▶ [TASK]: The entries below are to be copied exactly, with every picture left out.

▶ [DATA SUPPLIED]:
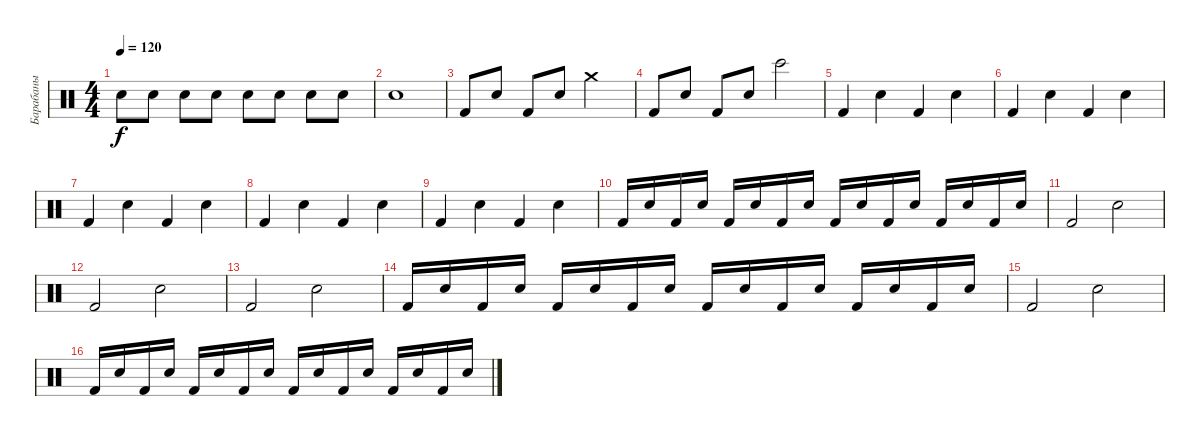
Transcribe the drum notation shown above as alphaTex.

\track ("Барабаны" "Барабаны") {instrument percussion}
\staff {score}
\articulation defaults
\ts (4 4)
\tempo 120
\clef neutral
\ks c "Metronome (bell)".8{dy f} "Metronome (bell)".8 "Metronome (bell)".8 "Metronome (bell)".8 "Metronome (bell)".8 "Metronome (bell)".8 "Metronome (bell)".8 "Metronome (bell)".8
|
"Snare (hit) 2".1 |
"Kick (hit) 2".8 "Snare (hit) 2".8 "Kick (hit) 2".8 "Snare (hit) 2".8 "Crash medium (hit)".2 |
"Kick (hit) 2".8 "Snare (hit) 2".8 "Kick (hit) 2".8 "Snare (hit) 2".8 "Bongo High (hit)".2 |
"Kick (hit) 2".4 "Hand Clap (hit)".4 "Kick (hit) 2".4 "Hand Clap (hit)".4 |
"Kick (hit) 2".4 "Hand Clap (hit)".4 "Kick (hit) 2".4 "Hand Clap (hit)".4 |
"Kick (hit) 2".4 "Hand Clap (hit)".4 "Kick (hit) 2".4 "Hand Clap (hit)".4 |
"Kick (hit) 2".4 "Hand Clap (hit)".4 "Kick (hit) 2".4 "Hand Clap (hit)".4 |
"Kick (hit) 2".4 "Hand Clap (hit)".4 "Kick (hit) 2".4 "Hand Clap (hit)".4 |
"Kick (hit) 2".16 "Snare (hit) 2".16 "Kick (hit) 2".16 "Snare (hit) 2".16 "Kick (hit) 2".16 "Snare (hit) 2".16 "Kick (hit) 2".16 "Snare (hit) 2".16 "Kick (hit) 2".16 "Snare (hit) 2".16 "Kick (hit) 2".16 "Snare (hit) 2".16 "Kick (hit) 2".16 "Snare (hit) 2".16 "Kick (hit) 2".16 "Snare (hit) 2".16 |
"Kick (hit) 2".2 "Snare (hit) 2".2 |
"Kick (hit) 2".2 "Snare (hit) 2".2 |
"Kick (hit) 2".2 "Snare (hit) 2".2 |
"Kick (hit) 2".16 "Snare (hit) 2".16 "Kick (hit) 2".16 "Snare (hit) 2".16 "Kick (hit) 2".16 "Snare (hit) 2".16 "Kick (hit) 2".16 "Snare (hit) 2".16 "Kick (hit) 2".16 "Snare (hit) 2".16 "Kick (hit) 2".16 "Snare (hit) 2".16 "Kick (hit) 2".16 "Snare (hit) 2".16 "Kick (hit) 2".16 "Snare (hit) 2".16 |
"Kick (hit) 2".2 "Snare (hit) 2".2 |
"Kick (hit) 2".16 "Snare (hit) 2".16 "Kick (hit) 2".16 "Snare (hit) 2".16 "Kick (hit) 2".16 "Snare (hit) 2".16 "Kick (hit) 2".16 "Snare (hit) 2".16 "Kick (hit) 2".16 "Snare (hit) 2".16 "Kick (hit) 2".16 "Snare (hit) 2".16 "Kick (hit) 2".16 "Snare (hit) 2".16 "Kick (hit) 2".16 "Snare (hit) 2".16

▶ [RESULT OF THIS TASK]:
Transcribe the drum notation shown above as alphaTex.

\track ("Барабаны" "Барабаны") {instrument percussion}
\staff {score}
\articulation defaults
\ts (4 4)
\tempo 120
\clef neutral
\ks c "Metronome (bell)".8{dy f} "Metronome (bell)".8 "Metronome (bell)".8 "Metronome (bell)".8 "Metronome (bell)".8 "Metronome (bell)".8 "Metronome (bell)".8 "Metronome (bell)".8
|
"Snare (hit) 2".1 |
"Kick (hit) 2".8 "Snare (hit) 2".8 "Kick (hit) 2".8 "Snare (hit) 2".8 "Crash medium (hit)".2 |
"Kick (hit) 2".8 "Snare (hit) 2".8 "Kick (hit) 2".8 "Snare (hit) 2".8 "Bongo High (hit)".2 |
"Kick (hit) 2".4 "Hand Clap (hit)".4 "Kick (hit) 2".4 "Hand Clap (hit)".4 |
"Kick (hit) 2".4 "Hand Clap (hit)".4 "Kick (hit) 2".4 "Hand Clap (hit)".4 |
"Kick (hit) 2".4 "Hand Clap (hit)".4 "Kick (hit) 2".4 "Hand Clap (hit)".4 |
"Kick (hit) 2".4 "Hand Clap (hit)".4 "Kick (hit) 2".4 "Hand Clap (hit)".4 |
"Kick (hit) 2".4 "Hand Clap (hit)".4 "Kick (hit) 2".4 "Hand Clap (hit)".4 |
"Kick (hit) 2".16 "Snare (hit) 2".16 "Kick (hit) 2".16 "Snare (hit) 2".16 "Kick (hit) 2".16 "Snare (hit) 2".16 "Kick (hit) 2".16 "Snare (hit) 2".16 "Kick (hit) 2".16 "Snare (hit) 2".16 "Kick (hit) 2".16 "Snare (hit) 2".16 "Kick (hit) 2".16 "Snare (hit) 2".16 "Kick (hit) 2".16 "Snare (hit) 2".16 |
"Kick (hit) 2".2 "Snare (hit) 2".2 |
"Kick (hit) 2".2 "Snare (hit) 2".2 |
"Kick (hit) 2".2 "Snare (hit) 2".2 |
"Kick (hit) 2".16 "Snare (hit) 2".16 "Kick (hit) 2".16 "Snare (hit) 2".16 "Kick (hit) 2".16 "Snare (hit) 2".16 "Kick (hit) 2".16 "Snare (hit) 2".16 "Kick (hit) 2".16 "Snare (hit) 2".16 "Kick (hit) 2".16 "Snare (hit) 2".16 "Kick (hit) 2".16 "Snare (hit) 2".16 "Kick (hit) 2".16 "Snare (hit) 2".16 |
"Kick (hit) 2".2 "Snare (hit) 2".2 |
"Kick (hit) 2".16 "Snare (hit) 2".16 "Kick (hit) 2".16 "Snare (hit) 2".16 "Kick (hit) 2".16 "Snare (hit) 2".16 "Kick (hit) 2".16 "Snare (hit) 2".16 "Kick (hit) 2".16 "Snare (hit) 2".16 "Kick (hit) 2".16 "Snare (hit) 2".16 "Kick (hit) 2".16 "Snare (hit) 2".16 "Kick (hit) 2".16 "Snare (hit) 2".16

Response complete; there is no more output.